Ok. Naja bis ich das Geld von Amazon bekomme, dauert es ja noch maximal 2 Wochen. Ich versuch mich in der Zeit evtl. noch etwas mehr zu informieren, weitere Vorschläge sind also durchaus erwünscht.


----------



## mr.4EvEr (5. November 2012)

loller7 schrieb:


> Ok. Naja bis ich das Geld von Amazon bekomme, dauert es ja noch maximal 2 Wochen. Ich versuch mich in der Zeit evtl. noch etwas mehr zu informieren, weitere Vorschläge sind also durchaus erwünscht.


 
Es gäbe noch den hier, der ist Reaktionszeitentechnisch auf einem Niveau mit dem XL2420t, nur dass er eben keine 120hz hat.
BenQ RL2450HT LED-Monitor: LCD/TFT-Monitor Preisvergleich - Preise bei idealo.de

Testbericht ist hier: http://www.prad.de/new/monitore/test/2012/test-benq-rl2450ht-teil6.html#Reaktionsverhalten


----------



## loller7 (5. November 2012)

Mhm ja, aber ich glaube ich will schon bei den 27 Zoll bleiben. Die Frage ist nur ob ich nicht lieber IPS anstatt 120Hz haben möchte, da es ja keine Kombination gibt. Dafür wollt ich mir beides bei Media Markt live anschauen.


----------



## Softy (5. November 2012)

Für schnelle Spiele würde ich zu einem 120Hz/144Hz Monitor greifen, wenn Du auch Bild-/Videobearbeitung machst, könnte ein IPS Panel vorteilhaft sein.

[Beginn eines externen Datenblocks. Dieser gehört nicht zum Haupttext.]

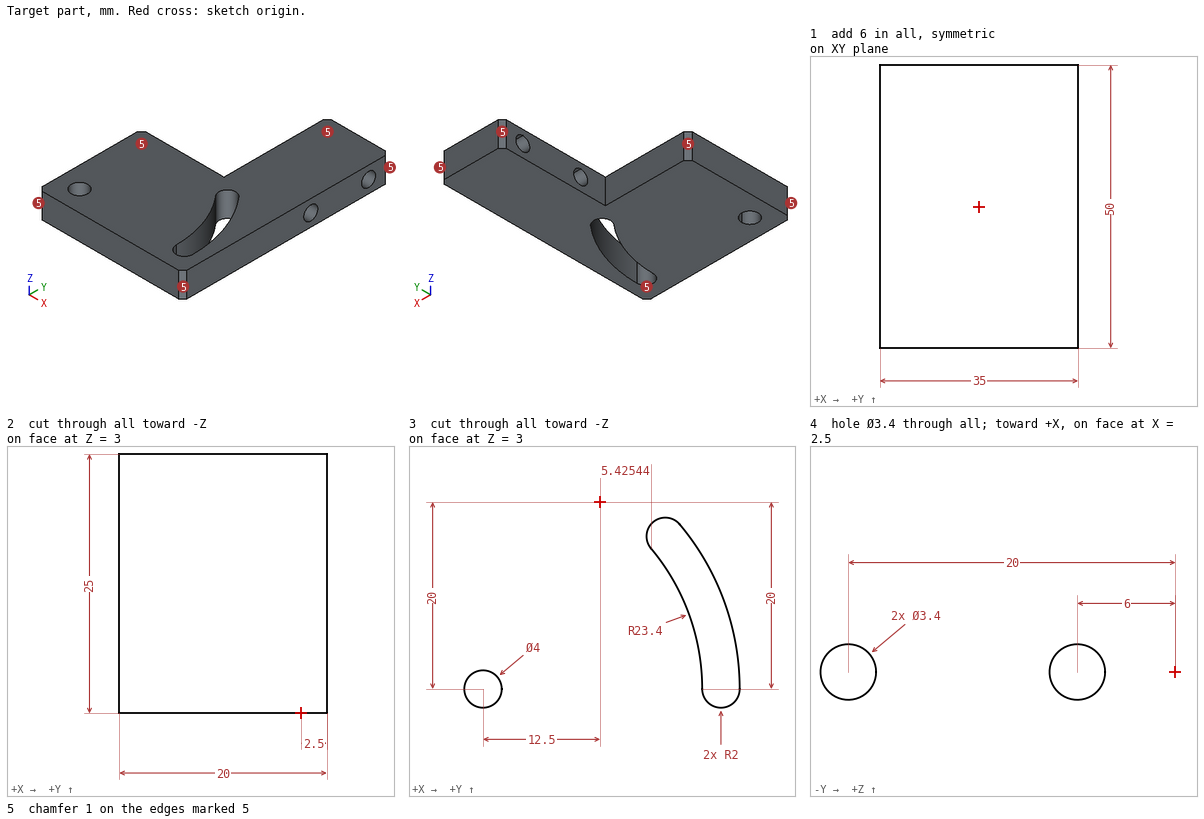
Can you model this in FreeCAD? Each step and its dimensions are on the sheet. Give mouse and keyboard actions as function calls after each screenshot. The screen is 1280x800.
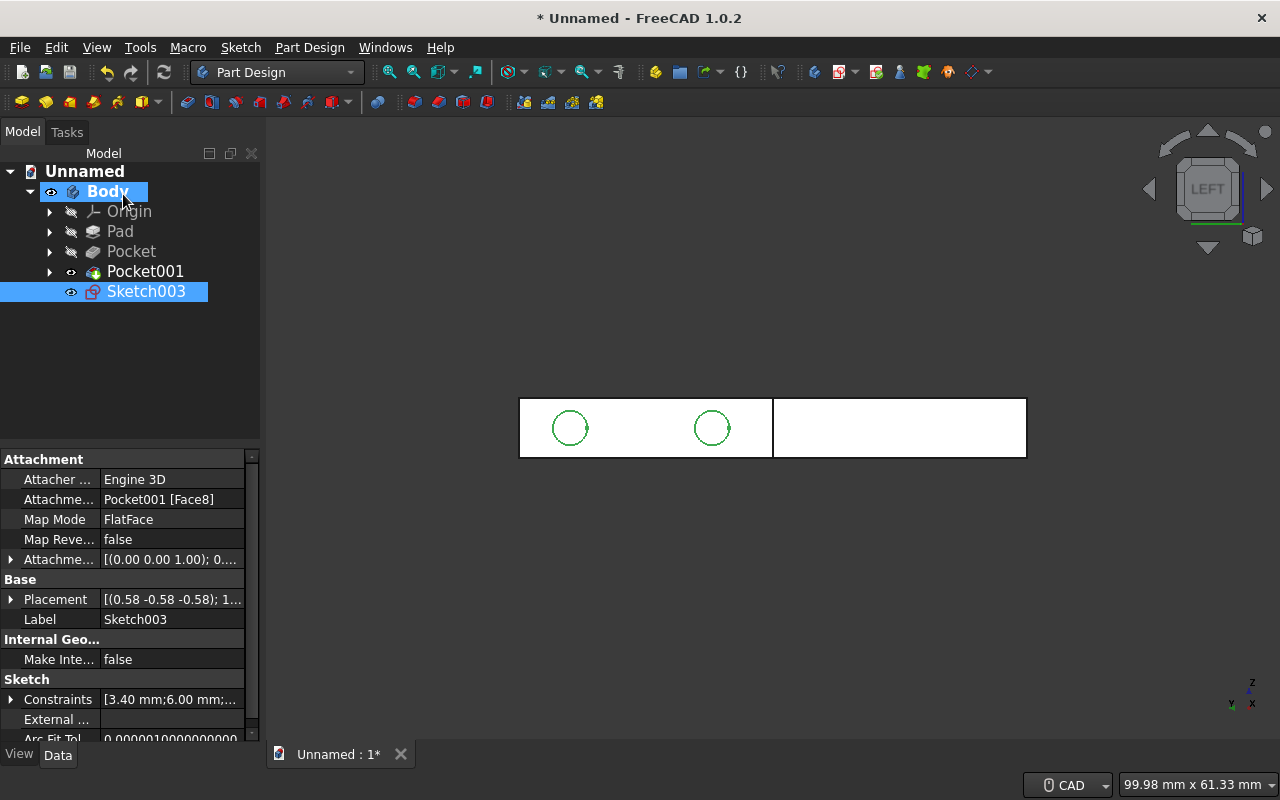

Wobei Du auf dem Asus auch gut Bild/Videobearbeitung machen kannst. Zumindest kann ich es


----------



## loller7 (5. November 2012)

Nutz du auch nur den Asus?!


----------



## Softy (5. November 2012)

Ja, ich habe nur den Asus, ist ein guter Allrounder


----------



## loller7 (5. November 2012)

Mhm, welche 27Zoll Ips- Displays wären denn empfehlenswert?! Bin beim zocken bisher ja auch immer mit 60HZ Monitoren klargekommen.


----------



## Softy (5. November 2012)

loller7 schrieb:


> Bin beim zocken bisher ja auch immer mit 60HZ Monitoren klargekommen.


 
Ja, weil Du den Unterschied zu 120Hz noch nicht kennst 

IPS Monitor könntest Du Dir mal wie schon geschrieben, den Dell S2740L anschauen.


----------



## loller7 (5. November 2012)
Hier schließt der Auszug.